Ma non dimentico gli abruzzesi. Che non camminano, per cui quando vogliono essere gentili ti danno l'indicazione per la strada asfaltata, che per gli escursionisti è la peggiore. Lungo tutto il percorso, poi, ci sono capitati incontri con personaggi incredibili: la padrona dell'agriturismo, contadina nell'aspetto, nel modo di parlare, di porsi, di cucinare, che ha definito stupidaggine il vegetarianesimo di due del gruppo; una giovane coppia di ragazzi in un paesino di montagna, dove la gente va solo ad abbuffarsi di arrosticini, con un raffinatissimo B&B arredato con riproduzioni di Hokusai fatte da incisori giapponesi, trovate in un baule della nonna; una trentenne di nome Azzurra che mentre ci serviva guardava la TV, perché faceva il tifo per il cugino nella finale del programma trash (il suo gruppo ha poi perso contro un'imbattibile Debborah con l'acca finale); una signora romena che si scusava della sua nazionalità e si dilungava a spiegarci che degli oggetti per terra erano precedentemente sopra una lavatrice, che però era in riparazione perché i clienti precedenti l'avevano rotta, intanto che noi fremevamo di fare la doccia; un cuoco, alle prese con settanta olandesi avvinazzati, che faceva incomprensibili ragionamenti a base di non sequitur; l'unico negozio di un paese che vendeva tra le altre cose frutta, nastro adesivo, sigarette e stampava foto digitali; la nonna uscita con il nipotino dall'asilo, che, saputo che eravamo a piedi, ci ha detto «Me dispiace!»; la vecchietta sbucata da una foto folkloristica che ci ha invitato a riposarci con lei, quando ci ha visto passare carichi di zaini; il gruppo di ticinesi eruditissimi; la signora che ce l'aveva con i marocchini, che però non aveva mai incontrato perché nel suo paese di montagna fa troppo freddo per loro; il discendente di un barone; la badante sudamericana che sbracciandosi dalla finestra ci ha urlato «Peligro!

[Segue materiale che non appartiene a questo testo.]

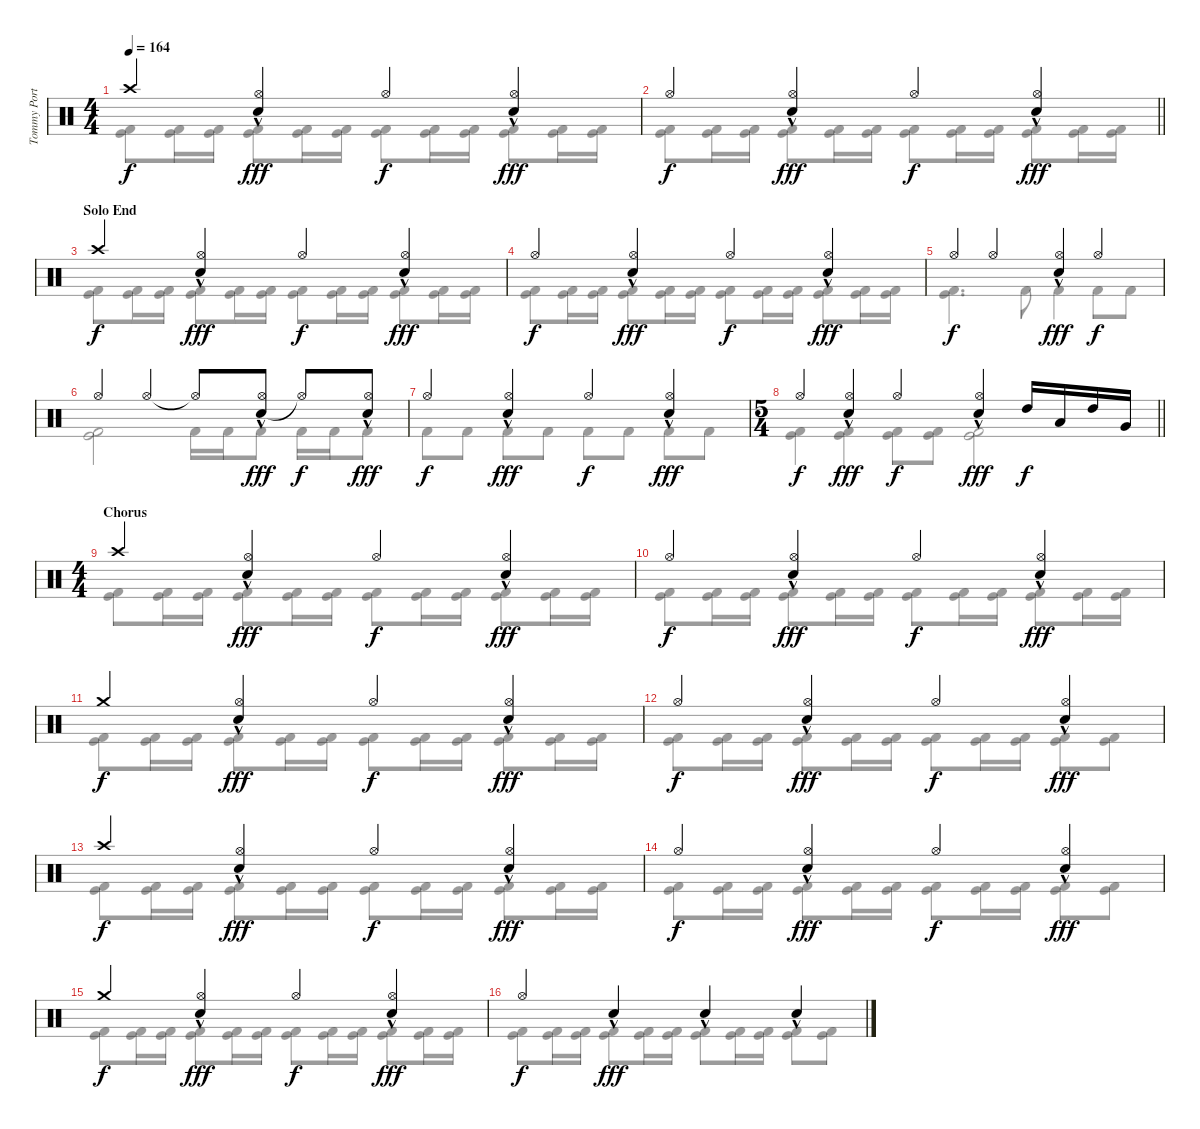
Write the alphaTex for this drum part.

Peligro!» quando ci ha visto dirigerci verso il bosco; la coppia di albergatori che sembrava precipitata lì all'improvviso; quello che ci invitava a visitare la vera casa natale di Ponzio Pilato, principale attrattiva del suo borgo; la custode e guida della chiesa che spiegava agli stranieri che sapevano dire giusto «Parla inglese, per favore?» che bastava che lei parlasse lentamente in italiano e loro l'avrebbero capita, specie quando avrebbe citato il ciborio.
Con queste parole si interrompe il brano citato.